Whatever arguments may be advanced to prove that harm and probably disaster will accrue from abolishing the authority of the State, the man who has already outgrown the State ideal cannot possibly be bound by it. And whatever arguments may be adduced to prove its necessity, he can never return to it. He is like the young bird who can never return to its outgrown shell.

"But granting this to be true," say the partizans of the existing order, "we cannot dispense with the supremacy of the State until all men are Christians, because even among those who claim the title there are many who are very far from being Christians—evil-doers, who seek their own gratification at the expense of their fellow-men, and if the governments were overthrown, so far from improving the condition of the people, it would greatly add to their miseries. The subversion of the State would be a misfortune, not only where the minority are true Christians, but even supposing the whole people to be so; while the neighboring nations are still non-Christian, these latter would make their lives a martyrdom by rapine and murder and all manner of violence. It would serve only to provide the vicious and unprincipled with an opportunity to oppress the innocent. Therefore the State should not be abolished until all the wicked have ceased from troubling, which will not happen just at present. Hence, however much certain individual Christians may wish to escape from the authority of the State, the greater good of thegreater number demands its preservation." So say the defenders of the State principle. "If it were not," they say, "for State authority there would be no protection against the malice and injustice of the oppressor; that authority alone makes it possible to restrain the wicked."

But in uttering these sentiments the partizans of the existing order take it for granted that they have proved the truth of what they assert. When they declare that the evil-doers would ride roughshod over the defenseless and the innocent were it not for the authority of the State, they imply that the governing power is vested at the present time in a body of virtuous men, who control all the wrong-doers. But this is a proposition which must be proved. It could only be a correct statement if we happened to resemble the inhabitants of China, where it is popularly believed, although the belief is not justified by fact, that the good are always in authority, because should it become known that the rulers are no better than those over whom they rule, it is the duty of the citizens to overthrow the government. But although this is supposed to be one of the customs of China, it is not, nor would it be possible for it to be so, since, in order to overthrow a criminal government, one needs the power as well as the right. Even in China this is a mere supposition, and in our own Christian land we have never so much as dreamed of it. As far as we are concerned, there is no reason to believe that power is in the hands of the virtuous and high-minded, rather than in those of men who took it by violence and have held it for themselves and their descendants. For surely it would be impossible for a high-minded man to usurp authority by violence and to continue to hold it.
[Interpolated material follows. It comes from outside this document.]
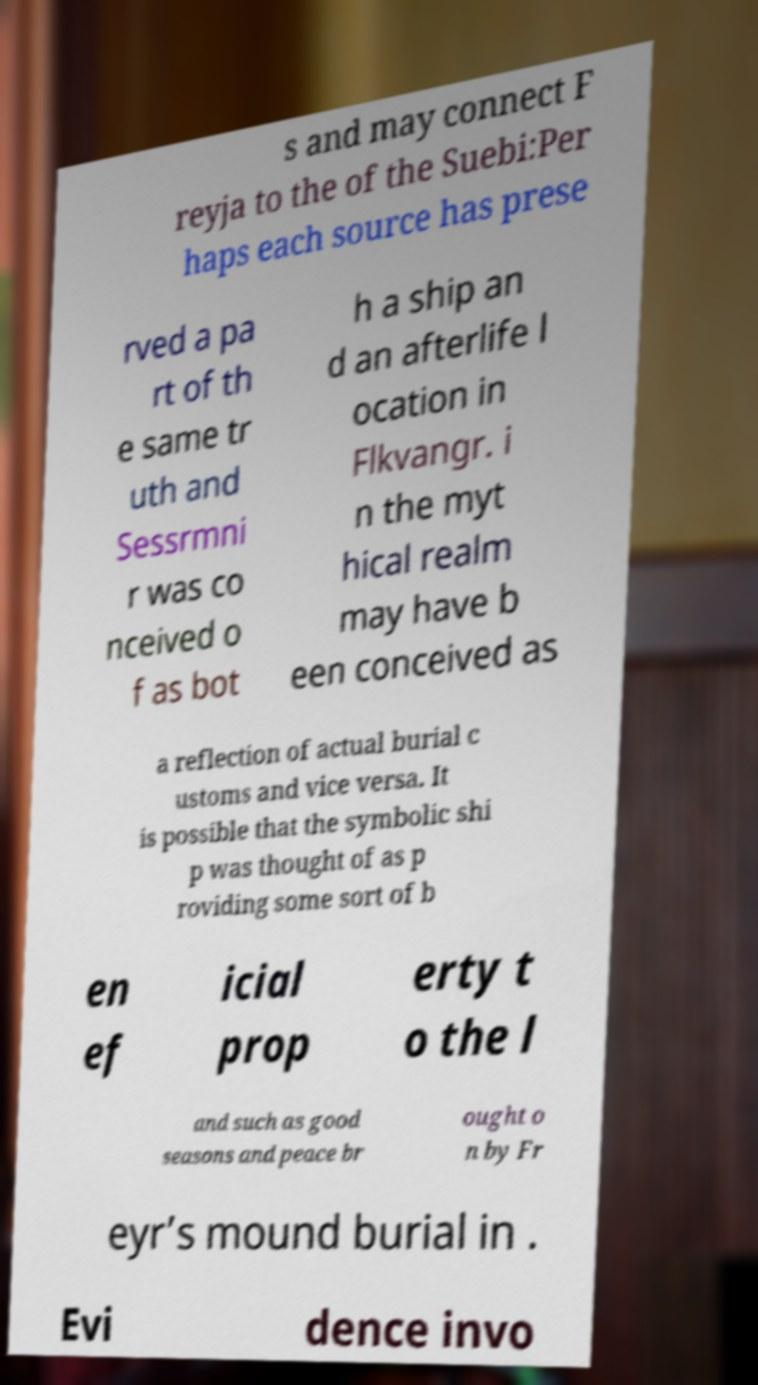Could you assist in decoding the text presented in this image and type it out clearly? s and may connect F reyja to the of the Suebi:Per haps each source has prese rved a pa rt of th e same tr uth and Sessrmni r was co nceived o f as bot h a ship an d an afterlife l ocation in Flkvangr. i n the myt hical realm may have b een conceived as a reflection of actual burial c ustoms and vice versa. It is possible that the symbolic shi p was thought of as p roviding some sort of b en ef icial prop erty t o the l and such as good seasons and peace br ought o n by Fr eyr’s mound burial in . Evi dence invo 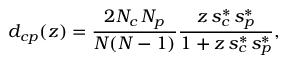Convert formula to latex. <formula><loc_0><loc_0><loc_500><loc_500>d _ { c p } ( z ) = \frac { 2 N _ { c } \, N _ { p } } { N ( N - 1 ) } \frac { z \, s _ { c } ^ { * } \, s _ { p } ^ { * } } { 1 + z \, s _ { c } ^ { * } \, s _ { p } ^ { * } } ,</formula>

In order to gain possession of power, and to retain it, one must have a love for it, and the love of power is incompatible with goodness; it accords with the opposite qualities of pride, duplicity, and cruelty.

Both the origin and the maintenance of power depend upon the exaltation of the individual, and the degradation of the people by means of hypocrisy and fraud, byprisons, fortresses, and murders. "If State authority were to be abolished, then would the more wicked people dominate over the less wicked," say the upholders of State organization. But if the Egyptians conquered the Hebrews, and the Persians the Egyptians, and the Macedonians the Persians, and the Romans the Greeks, and the barbarians the Romans, is it really possible that the conquerors are always better than the conquered? And so with political changes in the State; is the power always transferred to the better men? When Louis XVI. was deposed, and control passed into the hands of Robespierre, and when, later, he was in turn succeeded by Napoleon, was it the better or the worse man who held the power? Again, were they of Versailles or the communists the better men? Charles the First or Cromwell? When Peter III. reigned, or, after his murder, when Catharine ruled over one part of Russia, and Pugatchov over the other—who then was good and who was wicked?

All those in authority affirm that their office is required in order that the unprincipled may be hindered from oppressing the innocent, implying thereby that they themselves, being virtuous, are protecting other virtuous men from the malice of the evil-doer. To possess power and to do violence are synonymous terms; to do violence means doing something to which the victim of violence objects, and which the aggressor would resent were it directed against himself. Therefore the possession of power really means doing unto others what we should not like if it were done to ourselves,—that is, harm.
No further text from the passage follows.